The Substitute Decisions Act also provides guidance regarding the execution of a POA for Personal Care,[3] revocation,[4] resignation,[5] and termination.[6]

The POA for Personal Care requirements are set out at s. 46 of the Substitute Decisions Act.  Notably, this type of document is a more flexible vehicle for assisting the grantor with personal care decisions when, and if it becomes necessary to do so, and is sometimes informally, referred to as a “Living Will” which may contain advance directives for care.

A POA for Personal Care is never used except in circumstances where the grantor is incapable of making a decision either because the grantor is generally unable to make decisions, or is not able to make specific decisions.[7]  The Substitute Decisions Act prohibits the persons who provide health care for compensation, or residential social or support services to a grantor for compensation from acting as an Attorney under a POA for Personal Care except insofar as the person is the spouse, partner or relative of the grantor.[8]  An Attorney, under a POA for Personal Care can make decisions concerning health care, nutrition, shelter, clothing, hygiene or safety.  Some health care decisions made by the substitute decision maker are also covered by the Health Care Consent Act.

[1] Health Care Consent Act, 1996, SO 1996, C.2, Schedule A.
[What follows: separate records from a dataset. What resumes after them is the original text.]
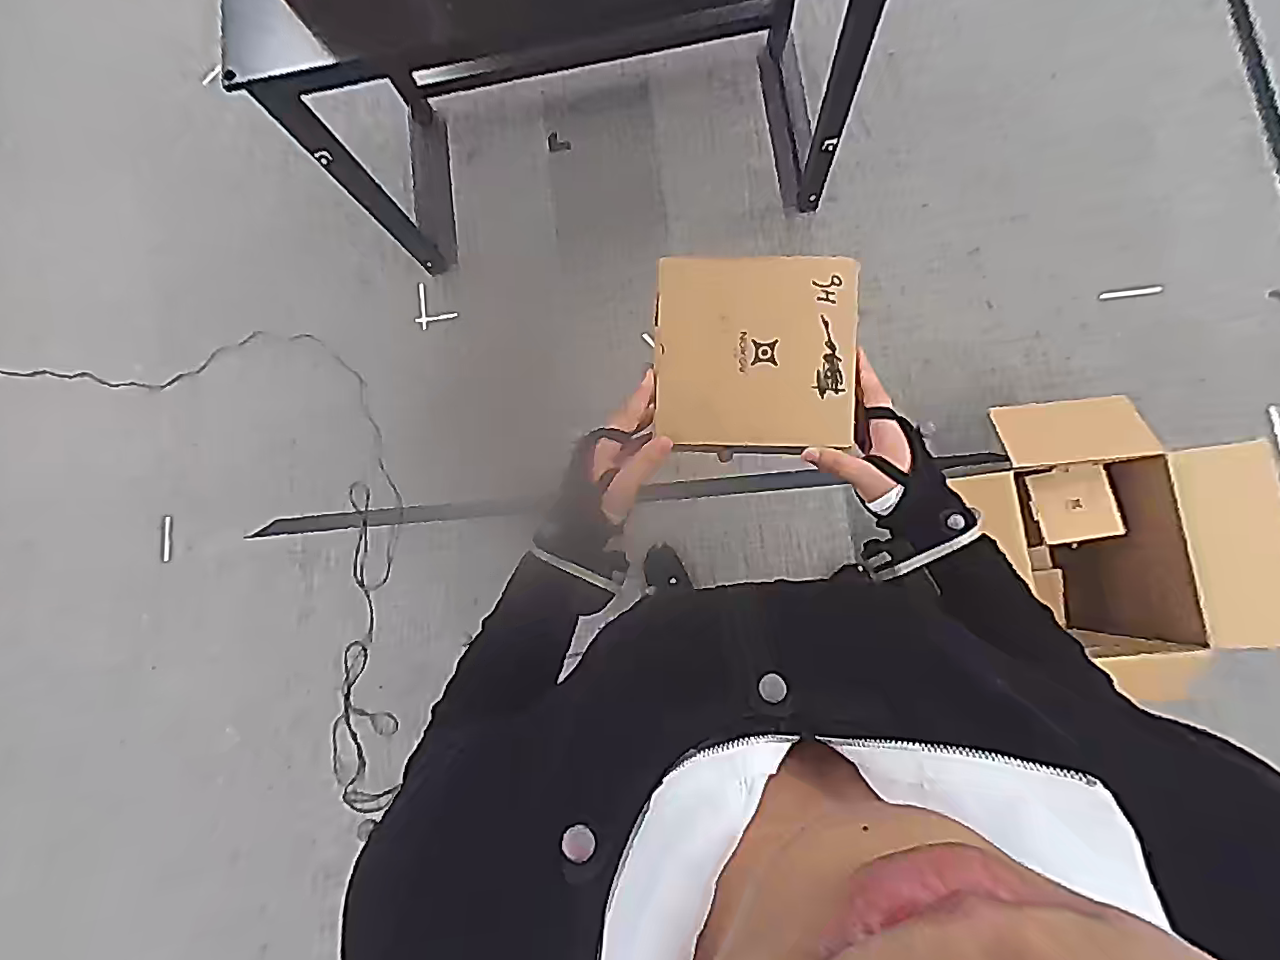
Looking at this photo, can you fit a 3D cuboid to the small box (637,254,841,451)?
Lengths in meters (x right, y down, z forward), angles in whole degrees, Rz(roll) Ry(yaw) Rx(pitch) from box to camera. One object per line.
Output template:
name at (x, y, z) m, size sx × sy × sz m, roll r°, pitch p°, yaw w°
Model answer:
small box at (0.092, -0.117, 0.557) m, size 0.179 × 0.176 × 0.168 m, roll 2°, pitch 90°, yaw 3°

[2] Ibid at Part 1 General, s. 1(a)-(f).

[3] Substitute Decisions Act, supra note 9, at s. 48.

[4] Ibid at s. 50.

[5] Ibid at s. 52.

[6] Ibid at s. 53.

[7] Ibid at s. 49.

[8] Ibid at s. 46(3).

This paper is intended for the purposes of providing information only and is to be used only for the purposes of guidance. This paper is not intended to be relied upon as the giving of legal advice and does not purport to be exhaustive.